Swedish soldiers during the Aurora training exercise earlier this year. Photo: Fredrik Sandberg/TT

Each year, thousands of Swedish citizens turning 18 become eligible for compulsory military service. What does that mean for dual nationals?


Let's get the bad news out of the way first: being a dual national doesn't mean you automatically have special exemption from military service. If you're a Swedish national in the applicable age bracket living in Sweden, dual nationality or otherwise, then you're eligible.

In the case that you have already done some form of military service in another country however, you could get out of it.

"It’s OK to serve in the Armed Forces with dual citizenship. However, the person can only do military service in one of their countries," the Swedish Armed Forces communication department explained to The Local back in 2017.

Another detail is that dual citizens cannot be used in combat should conflict break out between Sweden and the other country they are also a citizen of. Again, per the Swedish Armed Forces communication department: 

"A soldier with dual citizenship cannot be used in combat in the event of a conflict between the two countries."


But what impact could serving for Sweden have on your dual nationality? One question asked in a number of expat or immigrant Facebook groups is whether dual citizens who hold Swedish and American citizenship, for example, could lose their American citizenship if they do Swedish compulsory military service.

The Local contacted the US Embassy in Stockholm to clarify that question, and it referred us to this guidance from the State Department website. It states that revocation of US citizenship could be provoked in certain instances of serving in a foreign military, but that is only the case if the other country is at war with the US:

"Military service in foreign countries usually does not cause loss of nationality since an intention to relinquish nationality normally is lacking. The Department has established an administrative presumption that a person serving in the armed forces of a foreign state not engaged in hostilities against the United States does not have the intention to relinquish nationality."

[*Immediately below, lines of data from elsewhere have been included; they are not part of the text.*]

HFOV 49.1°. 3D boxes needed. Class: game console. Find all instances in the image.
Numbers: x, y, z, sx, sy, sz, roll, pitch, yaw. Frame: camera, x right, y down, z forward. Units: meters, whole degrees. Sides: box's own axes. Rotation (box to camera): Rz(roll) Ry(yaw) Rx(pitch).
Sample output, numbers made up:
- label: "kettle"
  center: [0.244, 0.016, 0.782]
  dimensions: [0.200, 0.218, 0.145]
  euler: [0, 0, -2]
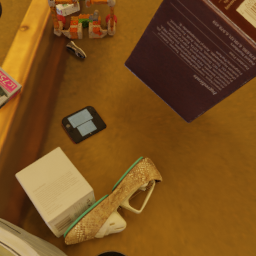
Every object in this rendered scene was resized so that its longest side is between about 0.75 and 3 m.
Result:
- label: "game console"
  center: [-1.314, -0.130, 8.273]
  dimensions: [1.086, 0.169, 0.961]
  euler: [-29, 60, -18]

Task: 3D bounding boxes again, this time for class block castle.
- label: "block castle"
  center: [-1.606, -4.321, 10.271]
  dimensions: [2.465, 1.647, 1.156]
  euler: [-2, 54, -3]

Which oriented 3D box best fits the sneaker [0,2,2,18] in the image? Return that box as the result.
- label: "sneaker"
  center: [-4.059, -3.163, 6.382]
  dimensions: [1.064, 2.593, 0.910]
  euler: [23, 95, 14]

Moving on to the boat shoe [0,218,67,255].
- label: "boat shoe"
  center: [-2.193, 2.771, 5.980]
  dimensions: [2.500, 0.900, 0.776]
  euler: [22, 81, 19]

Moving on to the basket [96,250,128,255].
- label: "basket"
  center: [-0.241, 3.212, 5.004]
  dimensions: [1.186, 1.744, 1.573]
  euler: [-6, 55, -4]

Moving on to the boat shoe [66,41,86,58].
- label: "boat shoe"
  center: [-1.856, -2.734, 9.994]
  dimensions: [0.293, 0.344, 1.029]
  euler: [-39, 58, -9]

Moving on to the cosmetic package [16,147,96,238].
- label: "cosmetic package"
  center: [-1.621, 1.489, 6.534]
  dimensions: [1.176, 1.183, 1.414]
  euler: [-34, 62, -21]

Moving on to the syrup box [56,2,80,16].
- label: "syrup box"
  center: [-2.454, -4.907, 11.453]
  dimensions: [0.882, 0.359, 0.347]
  euler: [-29, 60, -20]

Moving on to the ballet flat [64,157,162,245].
- label: "ballet flat"
  center: [-0.191, 1.799, 6.497]
  dimensions: [0.906, 0.979, 2.776]
  euler: [41, 66, 16]

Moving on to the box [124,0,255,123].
- label: "box"
  center: [1.756, -1.987, 6.217]
  dimensions: [2.217, 2.699, 2.239]
  euler: [42, 59, -2]

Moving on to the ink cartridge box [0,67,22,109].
- label: "ink cartridge box"
  center: [-4.574, -0.893, 8.220]
  dimensions: [1.486, 0.522, 2.490]
  euler: [43, 63, -9]
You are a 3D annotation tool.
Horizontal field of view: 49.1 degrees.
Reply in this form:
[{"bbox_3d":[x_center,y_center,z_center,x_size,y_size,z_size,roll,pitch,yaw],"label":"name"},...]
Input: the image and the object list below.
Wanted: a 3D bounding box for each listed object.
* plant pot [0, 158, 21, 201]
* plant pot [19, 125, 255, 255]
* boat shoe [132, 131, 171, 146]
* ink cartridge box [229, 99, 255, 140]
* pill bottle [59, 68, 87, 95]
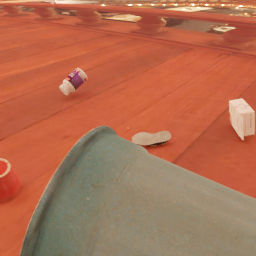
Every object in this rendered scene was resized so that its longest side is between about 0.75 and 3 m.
[{"bbox_3d":[-2.808,1.086,6.147,0.775,0.686,0.775,4,44,-4],"label":"plant pot"},{"bbox_3d":[0.478,1.635,3.854,2.681,2.738,2.738,17,35,17],"label":"plant pot"},{"bbox_3d":[0.674,0.349,8.107,1.134,0.342,0.429,-2,63,-4],"label":"boat shoe"},{"bbox_3d":[3.401,-0.269,8.296,0.444,0.767,1.316,-9,26,8],"label":"ink cartridge box"},{"bbox_3d":[-2.095,-1.744,10.656,0.578,0.578,1.037,29,68,39],"label":"pill bottle"}]
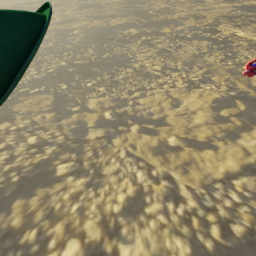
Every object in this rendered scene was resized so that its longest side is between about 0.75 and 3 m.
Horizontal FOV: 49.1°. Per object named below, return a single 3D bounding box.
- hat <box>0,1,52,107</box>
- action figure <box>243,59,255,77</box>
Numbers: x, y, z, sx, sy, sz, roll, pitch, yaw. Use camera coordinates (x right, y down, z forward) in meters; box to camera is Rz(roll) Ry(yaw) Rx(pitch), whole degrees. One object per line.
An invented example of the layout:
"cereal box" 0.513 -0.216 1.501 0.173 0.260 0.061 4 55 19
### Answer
"hat" -2.902 -1.589 4.424 2.365 2.687 2.226 31 -12 -34
"action figure" 3.108 -1.488 6.567 1.207 0.395 0.312 -29 25 -21
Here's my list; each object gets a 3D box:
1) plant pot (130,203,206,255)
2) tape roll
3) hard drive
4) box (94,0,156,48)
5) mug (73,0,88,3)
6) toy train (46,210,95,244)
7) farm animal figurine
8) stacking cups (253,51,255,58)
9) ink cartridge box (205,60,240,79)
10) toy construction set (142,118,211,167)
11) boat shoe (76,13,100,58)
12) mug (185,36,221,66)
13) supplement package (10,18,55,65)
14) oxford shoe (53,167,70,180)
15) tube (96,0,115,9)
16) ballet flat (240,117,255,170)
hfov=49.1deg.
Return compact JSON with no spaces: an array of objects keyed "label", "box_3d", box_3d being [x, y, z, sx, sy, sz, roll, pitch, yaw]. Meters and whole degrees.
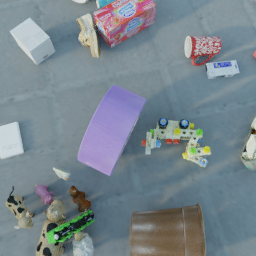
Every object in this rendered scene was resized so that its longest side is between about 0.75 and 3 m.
[{"label":"plant pot","box_3d":[1.184,3.425,8.644,2.135,2.156,2.156,-2,71,7]},{"label":"tape roll","box_3d":[-0.494,0.076,9.270,1.187,2.793,2.793,26,73,3]},{"label":"hard drive","box_3d":[-4.472,0.463,10.589,0.830,0.165,1.258,-16,72,-6]},{"label":"box","box_3d":[-0.107,-4.659,11.836,2.393,1.142,1.193,-33,74,-11]},{"label":"mug","box_3d":[-1.745,-6.521,12.283,2.127,1.570,1.865,15,82,2]},{"label":"toy train","box_3d":[-1.740,3.068,8.779,0.602,2.133,0.445,-19,83,20]},{"label":"farm animal figurine","box_3d":[-2.563,3.025,9.033,2.732,1.425,2.702,-7,71,-2]},{"label":"stacking cups","box_3d":[5.787,-2.607,11.534,0.460,0.460,1.521,-28,71,-9]},{"label":"ink cartridge box","box_3d":[3.896,-2.413,11.545,1.285,0.252,0.639,-6,71,-1]},{"label":"toy construction set","box_3d":[1.698,0.477,10.149,2.518,1.160,1.651,8,71,-9]},{"label":"boat shoe","box_3d":[-1.693,-3.815,11.775,0.779,0.830,2.252,-14,62,-2]},{"label":"mug","box_3d":[3.100,-3.275,11.672,1.292,1.147,0.862,-5,35,-6]},{"label":"supplement package","box_3d":[-3.892,-3.555,11.535,1.005,0.998,1.325,-41,76,-13]},{"label":"oxford shoe","box_3d":[-2.334,1.573,9.720,0.997,0.375,0.288,13,93,48]},{"label":"tube","box_3d":[-0.478,-5.796,12.638,1.863,0.470,0.722,-15,80,-10]},{"label":"ballet flat","box_3d":[4.803,0.240,10.211,0.886,0.837,2.629,4,65,50]}]

So unless Sweden goes to war with the US, your dual US-Swedish citizenship won't be impacted by doing military service for Sweden.

For Australia, it's a similar deal. If you're not fighting for a foreign country at war with Australia or a declared terrorist organisation, you’re not going to lose your citizenship. The UK follows similar rules. As does Canada. And Italy.


In France, only those who have acquired French citizenship and have been convicted of treason or terrorism can be stripped of it. In Brazil, doing national service for another country is not a cause for losing Brazilian citizenship. 

In New Zealand, a citizen can only lose their citizenship if they have it removed by order of the Minister of Internal Affairs, with the main reason for such an order to be issued being acting against the interests of New Zealand.

To state the obvious, we haven't covered every nation in the world, so it's worth checking with the relevant embassy to be sure - and many countries don't allow dual citizenship in the first place - but the rule of thumb for the ones we have checked is that as long as Sweden isn't at war with the other nation you're a citizen of, being drafted by Sweden won't impact your dual citizenship.